Al cabo de un rato, un cuarto de hora quizás, advirtió que la perra había vuelto sin hacer ruido. Se había echado en el suelo y jadeaba con la lengua afuera. Ish se sintió furioso. Pensó en los vagos peligros a que podían exponerlo aquellas tonterías. Dejarla morir de sed en el desierto hubiera sido cruel, pero podía librarse de ella rápidamente y sin hacerla sufrir. Bajó del auto con el fusil en la mano.
Vio entonces a la perra, echada a sus pies, con la cabeza entre las patas, jadeando aún. No se levantó para recibirlo, pero Ish alcanzó a ver que lo miraba. Después de una buena caza de conejos, volvía junto a su amo, el hombre que había adoptado y que cumplía tan bien sus funciones sirviéndole sabrosas conservas y llevándola a lugares donde había auténticos conejos. Ish cedió de pronto y se echó a reír.
Con la risa, algo se rompió en su interior. Sintió como si se hubiera desembarazado de un terrible peso. Después de todo, pensó, ¿qué temo? Nada puede ocurrirme peor que la muerte. Y en esto casi todos se me han adelantado. ¿Por qué asustarse? Es la suerte común.
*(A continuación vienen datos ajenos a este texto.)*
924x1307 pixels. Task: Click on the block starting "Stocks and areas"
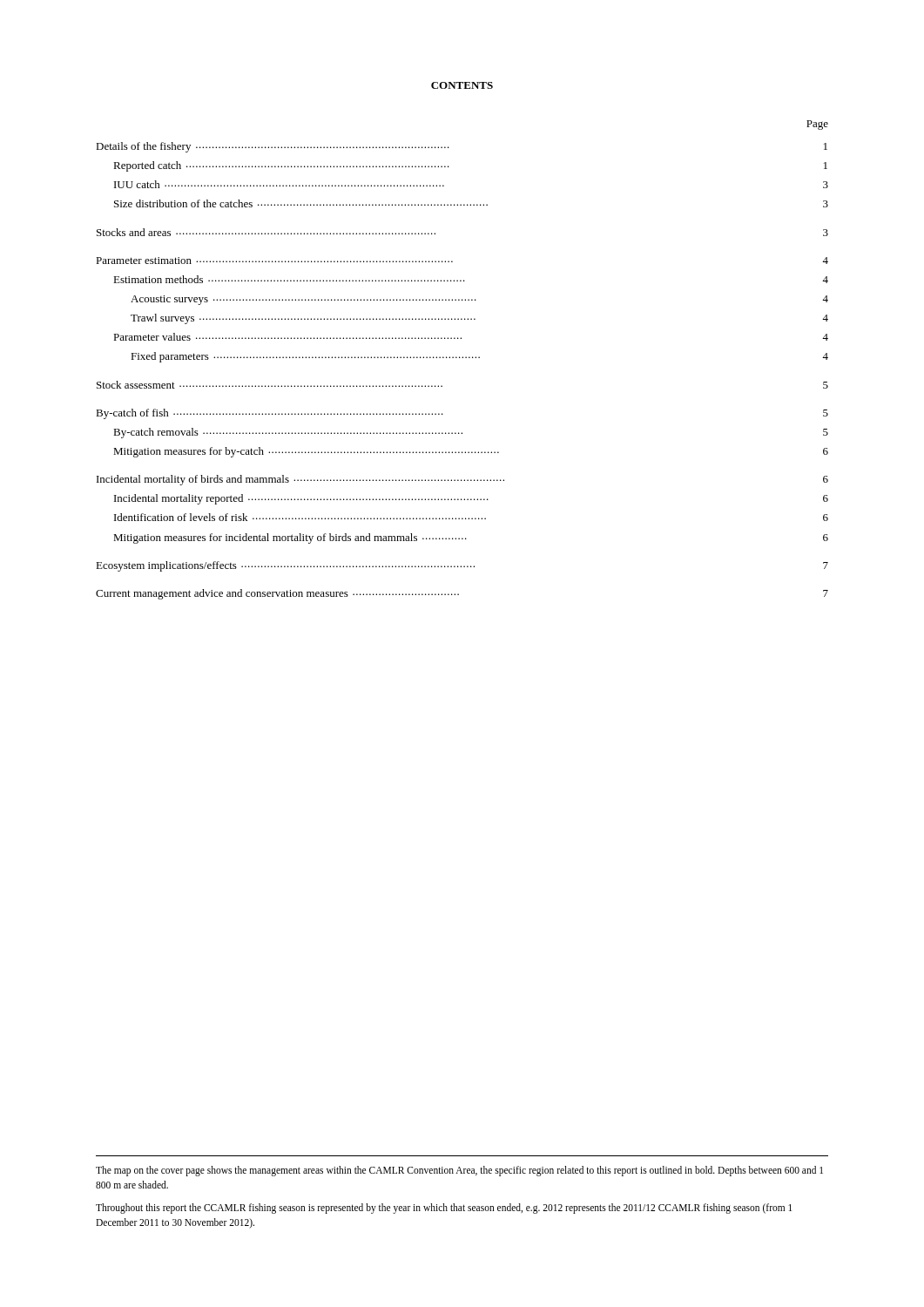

Se sintió increíblemente aliviado. Dio algunos pasos por la carretera para que su cuerpo se asociara a la alegría de su alma.
No se contentó con dejar caer un fardo que en cualquier momento podía sentir otra vez sobre los hombros. Pronunció, podría decirse, su Declaración de Independencia. Avanzó audazmente hacia el destino, le abofeteó la cara y le desafió a que respondiese al golpe. Juró que si vivía, viviría libre de todo temor. ¿No había escapado a un desastre casi universal?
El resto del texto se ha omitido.